Fantastic.... amazing detail!!


----------



## saxoboy07 (Oct 20, 2007)

Breathtaking work:thumb: stunning transformation


----------



## _daveR (Jun 3, 2008)

Stunning turn around there. I bet the owner was over the moon?


----------



## Auto Finesse (Jan 10, 2007)

Thanks for all the comments guys 

The wheel cleaner broke the baked on break dust down easy, not much scrubbing was needed just keep applying as it gets down a layer,  its not easy to get hold of tho


----------



## rockape (Feb 18, 2007)

lovely work on a true classic :thumb:


----------



## Kasomi (Nov 15, 2007)

The 50/50 shots at the start on the boot lid. Truly amazing.

That has to be the best 50/50 shot i've seen!

Great turnaround mate!

Bet the guy was chuffed!

Paulie


----------



## JoeAVS1 (Jul 8, 2008)

James, what applicator bottles do you use for AS TARDIS as the AG ones shrink up when left. Resorted to a jam jar for now and brush applying! 
Great read thanks for putting it up.
JOEAVS1


----------



## kk1966 (Aug 8, 2007)

Excellent write up and transformation. I always enjoy reading the 'more indepth' write ups of yours.

Also refreshing to see that someone else isn't frightened of knowing how to us a harsher wheel cleaner and when to use it.

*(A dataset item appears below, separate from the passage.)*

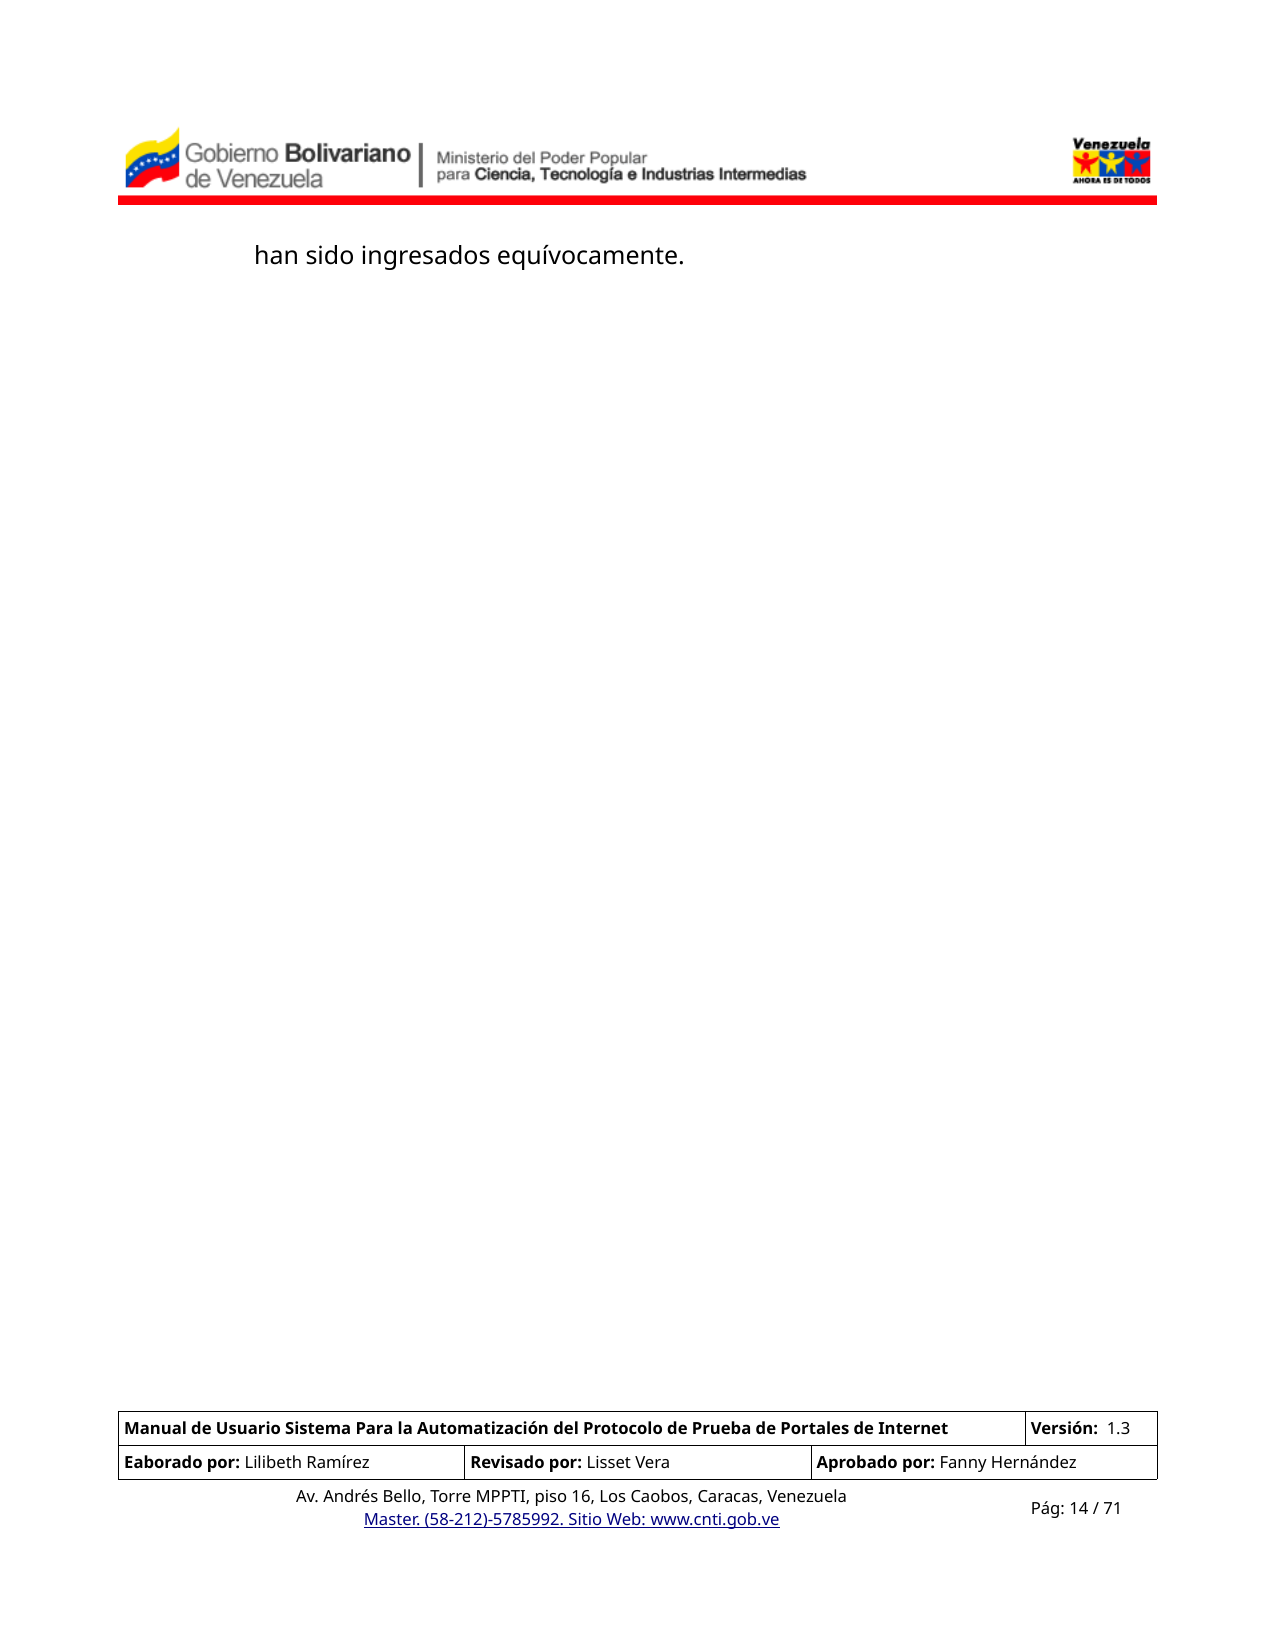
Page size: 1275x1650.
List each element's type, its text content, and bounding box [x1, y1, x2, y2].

Would it have been 30% hydrochloric diluted??


----------



## Gleammachine (Sep 8, 2007)

Lovely work mate, something about tranforming a tired red classic that does it for me.
Whats the metal polish Peak like?


----------



## Frothey (Apr 30, 2007)

absolutely mint matey :thumb:

cracking 50:50's too


----------



## Epoch (Jul 30, 2006)

Now that's a car worthy of the work done

Fantastic write up James and the work superb as always.

Thats exactly the type of paint I believe would benefit for a pre-detail enriching detail. I mean take it in a month before you intend to work on it slap on the Megs 7 then seal it with a wax. Then wheel it back for the full detail with the paint pre adsorbing some vital oils. If i hadn't have over done it during the ASTRA detail i still think this is a good idea. Dry paint doesn't appear to polish well, more it chews itself on the pads unless, as you did here, adding some extra oils to the polish to stop the paint drying the polish out.

Cracking work and can't wait for the next Dodo training day


----------



## blr123 (Oct 26, 2005)

Now that was worth reading.......cracking detail James :thumb:

Maybe I missed it..........I'm in the middle of having a go on the bouncy castle ..........but did you use anything else on the leather other than APC?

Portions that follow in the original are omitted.